Leave the pictures out. Return all other data exactly.
──────── DATASET CONTENT
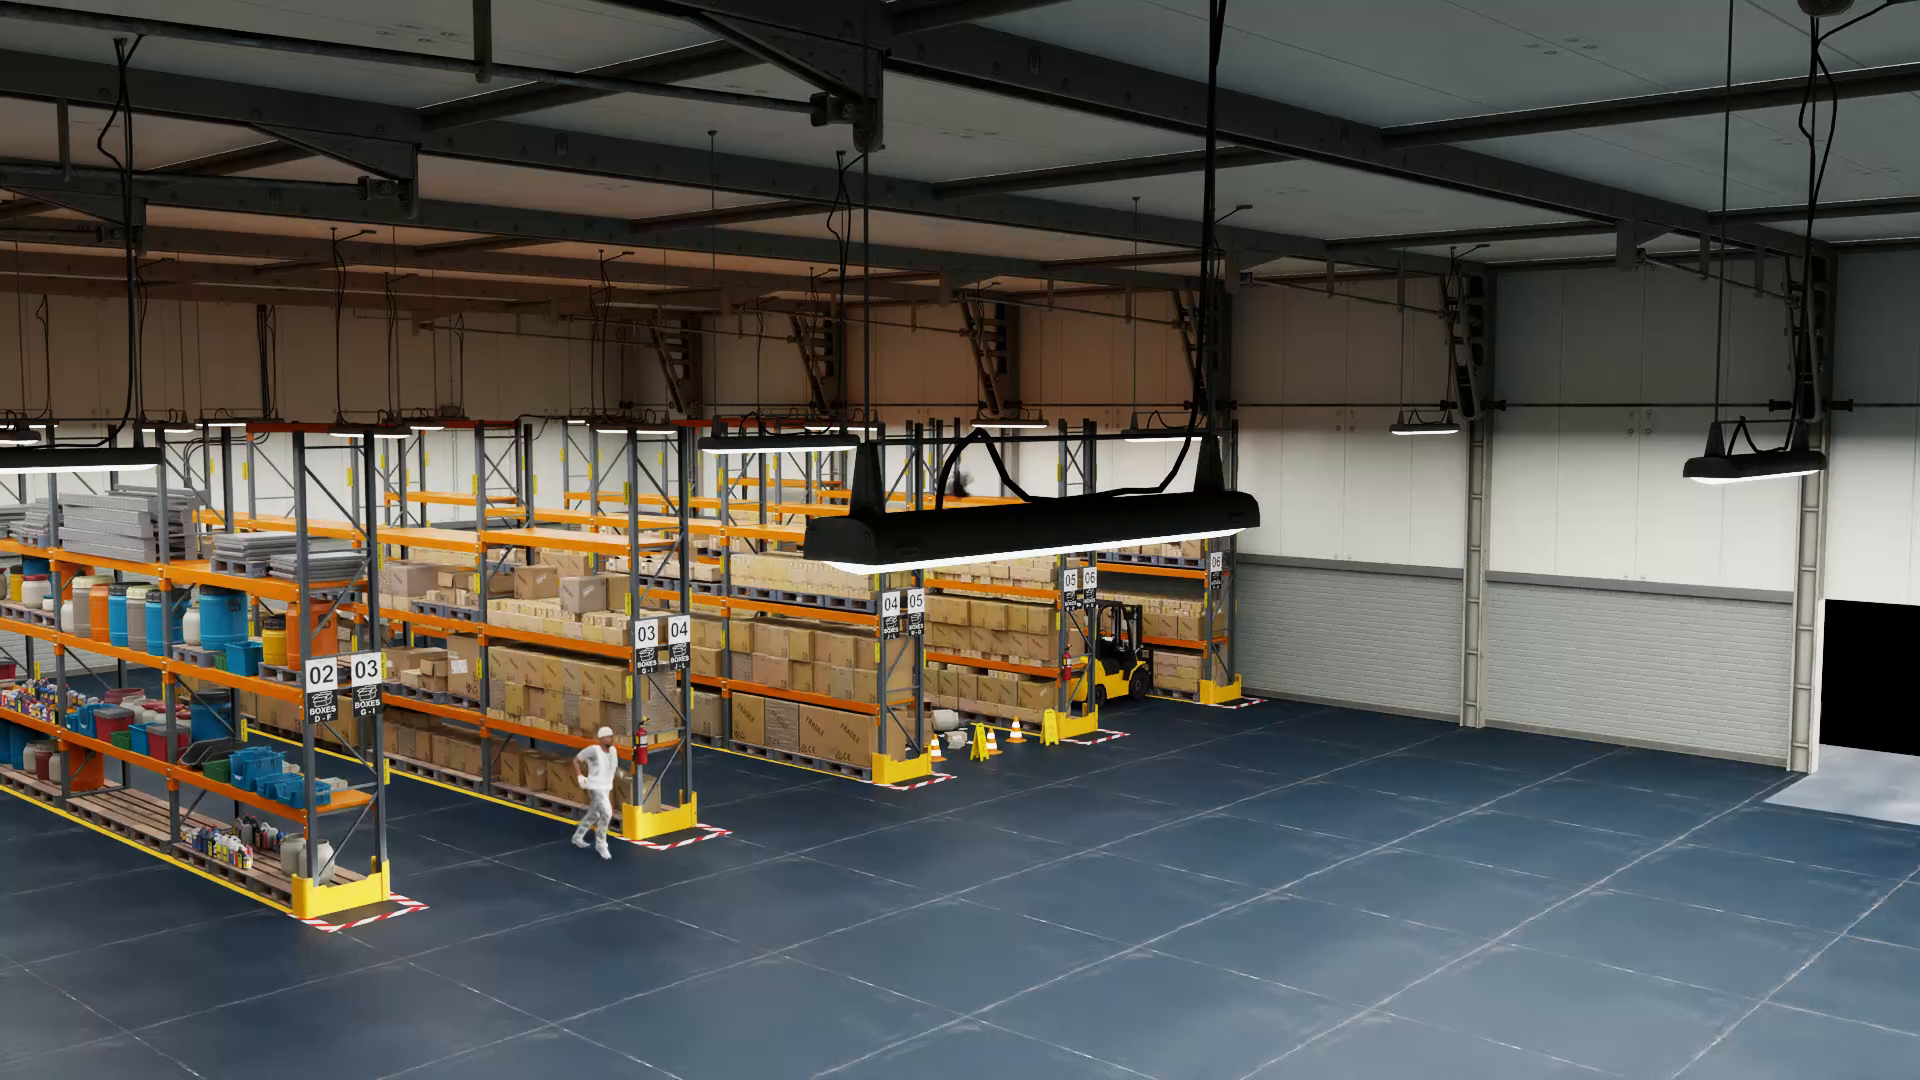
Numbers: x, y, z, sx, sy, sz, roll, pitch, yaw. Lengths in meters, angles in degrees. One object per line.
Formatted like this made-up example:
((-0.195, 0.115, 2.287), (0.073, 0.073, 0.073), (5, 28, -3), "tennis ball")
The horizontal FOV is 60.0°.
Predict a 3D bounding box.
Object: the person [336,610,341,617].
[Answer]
((-14.391, 2.380, 38.053), (0.792, 1.661, 0.601), (0, 5, -5), "person")

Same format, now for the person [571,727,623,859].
((-5.127, 3.537, 23.538), (0.793, 1.799, 0.696), (2, 5, 24), "person")

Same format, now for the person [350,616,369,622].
((-14.121, 2.355, 39.072), (0.654, 1.581, 0.666), (0, 5, -3), "person")
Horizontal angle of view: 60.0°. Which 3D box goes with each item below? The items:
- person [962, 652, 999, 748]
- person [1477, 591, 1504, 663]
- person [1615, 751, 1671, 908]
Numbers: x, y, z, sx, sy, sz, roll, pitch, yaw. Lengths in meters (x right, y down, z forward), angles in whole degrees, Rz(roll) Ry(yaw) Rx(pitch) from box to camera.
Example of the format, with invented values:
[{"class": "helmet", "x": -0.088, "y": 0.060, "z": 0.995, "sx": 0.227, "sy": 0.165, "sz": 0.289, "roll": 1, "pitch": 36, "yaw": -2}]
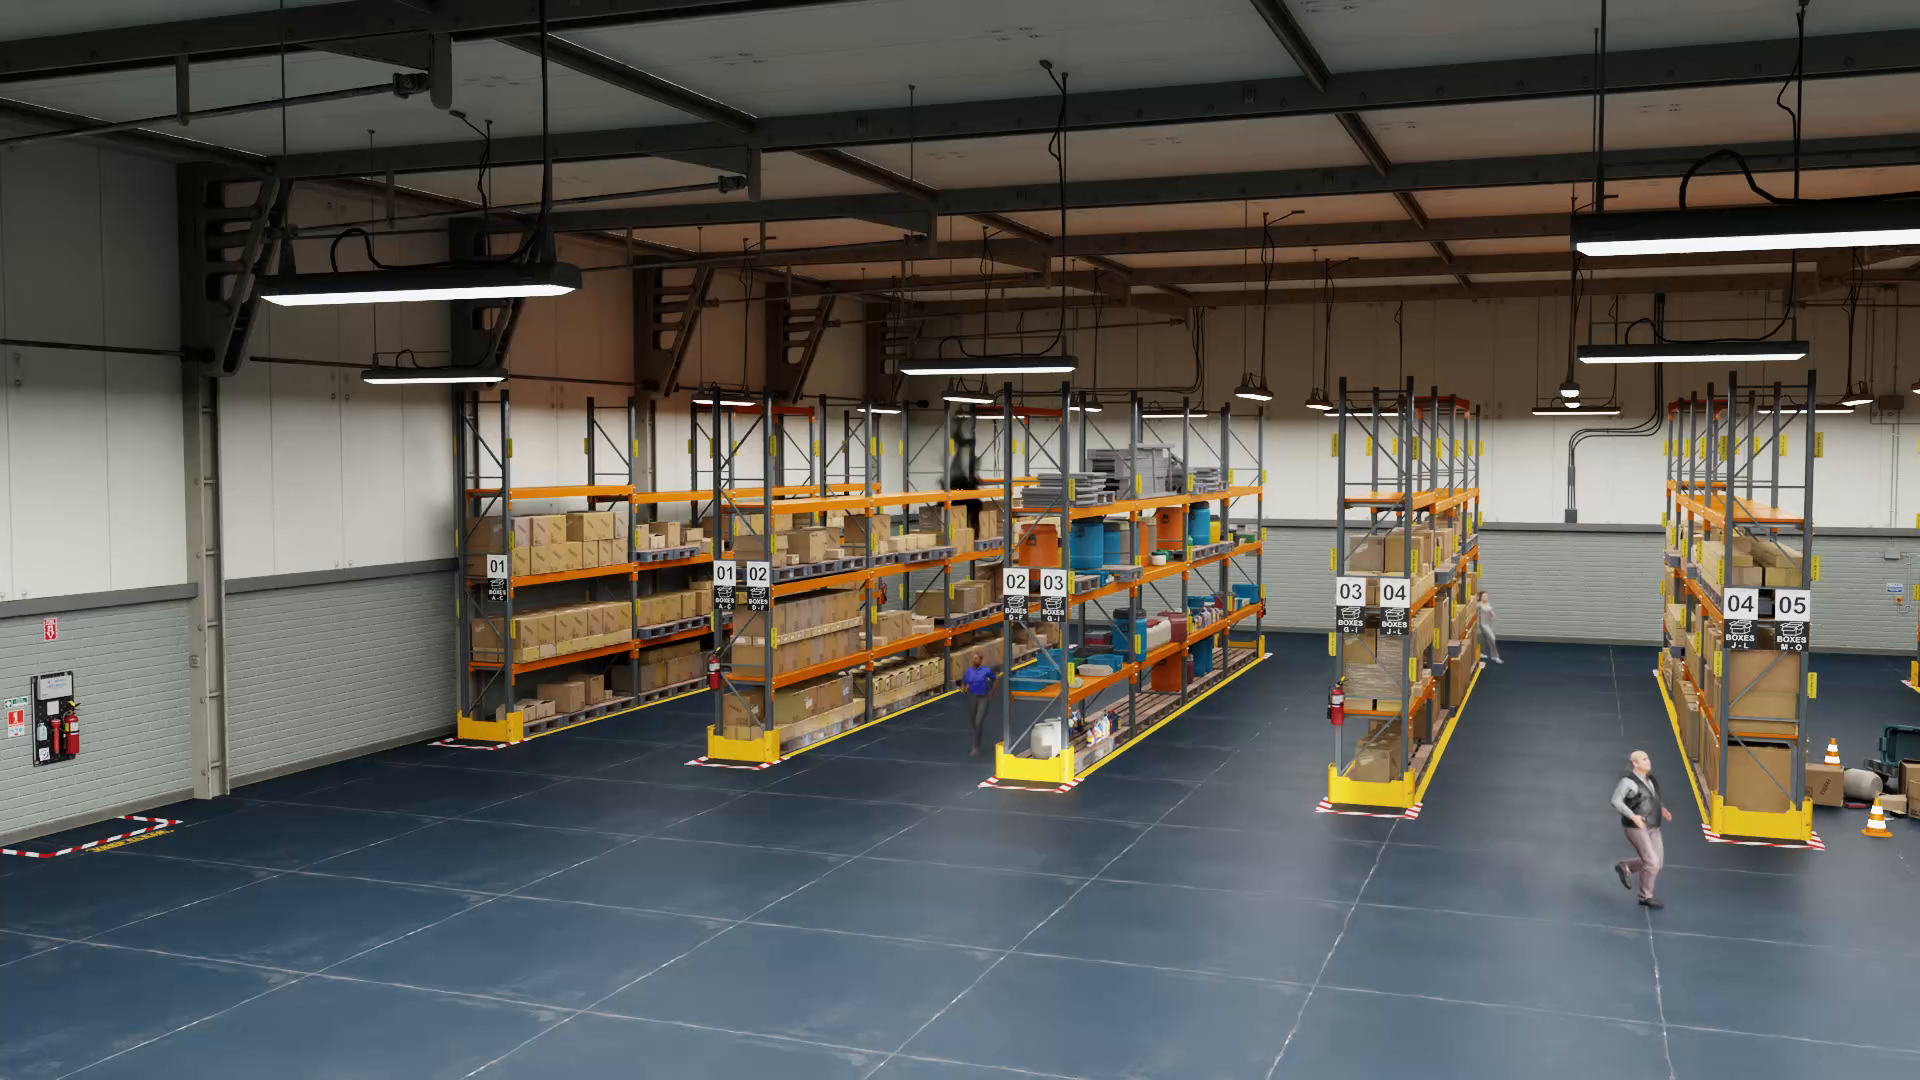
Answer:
[{"class": "person", "x": 0.329, "y": 2.621, "z": 27.434, "sx": 0.588, "sy": 1.558, "sz": 0.805, "roll": 1, "pitch": 3, "yaw": 20}, {"class": "person", "x": 12.314, "y": 2.029, "z": 38.980, "sx": 0.648, "sy": 1.675, "sz": 0.861, "roll": -2, "pitch": 4, "yaw": -37}, {"class": "person", "x": 7.447, "y": 3.156, "z": 18.278, "sx": 0.533, "sy": 1.677, "sz": 0.703, "roll": -2, "pitch": 4, "yaw": -31}]
────────────────
**RESPONSE BOX**
Numbers: x, y, z, sx, sy, sz, roll, pitch, yaw. Lengths in meters, angles in degrees. One object per line.
Formatted like this made-up example:
((-0.195, 0.115, 2.287), (0.073, 0.073, 0.073), (5, 28, -3), "tennis ball")
The horizontal FOV is 60.0°.
Predict a 3D bounding box.
Object: the person [336,610,341,617].
[Answer]
((-14.391, 2.380, 38.053), (0.792, 1.661, 0.601), (0, 5, -5), "person")

Same format, now for the person [571,727,623,859].
((-5.127, 3.537, 23.538), (0.793, 1.799, 0.696), (2, 5, 24), "person")

Same format, now for the person [350,616,369,622].
((-14.121, 2.355, 39.072), (0.654, 1.581, 0.666), (0, 5, -3), "person")
Horizontal angle of view: 60.0°. Which 3D box goes with each item below? The items:
- person [962, 652, 999, 748]
- person [1477, 591, 1504, 663]
- person [1615, 751, 1671, 908]
Numbers: x, y, z, sx, sy, sz, roll, pitch, yaw. Lengths in meters (x right, y down, z forward), angles in whole degrees, Rz(roll) Ry(yaw) Rx(pitch) from box to camera.
Example of the format, with invented values:
[{"class": "helmet", "x": -0.088, "y": 0.060, "z": 0.995, "sx": 0.227, "sy": 0.165, "sz": 0.289, "roll": 1, "pitch": 36, "yaw": -2}]
Answer:
[{"class": "person", "x": 0.329, "y": 2.621, "z": 27.434, "sx": 0.588, "sy": 1.558, "sz": 0.805, "roll": 1, "pitch": 3, "yaw": 20}, {"class": "person", "x": 12.314, "y": 2.029, "z": 38.980, "sx": 0.648, "sy": 1.675, "sz": 0.861, "roll": -2, "pitch": 4, "yaw": -37}, {"class": "person", "x": 7.447, "y": 3.156, "z": 18.278, "sx": 0.533, "sy": 1.677, "sz": 0.703, "roll": -2, "pitch": 4, "yaw": -31}]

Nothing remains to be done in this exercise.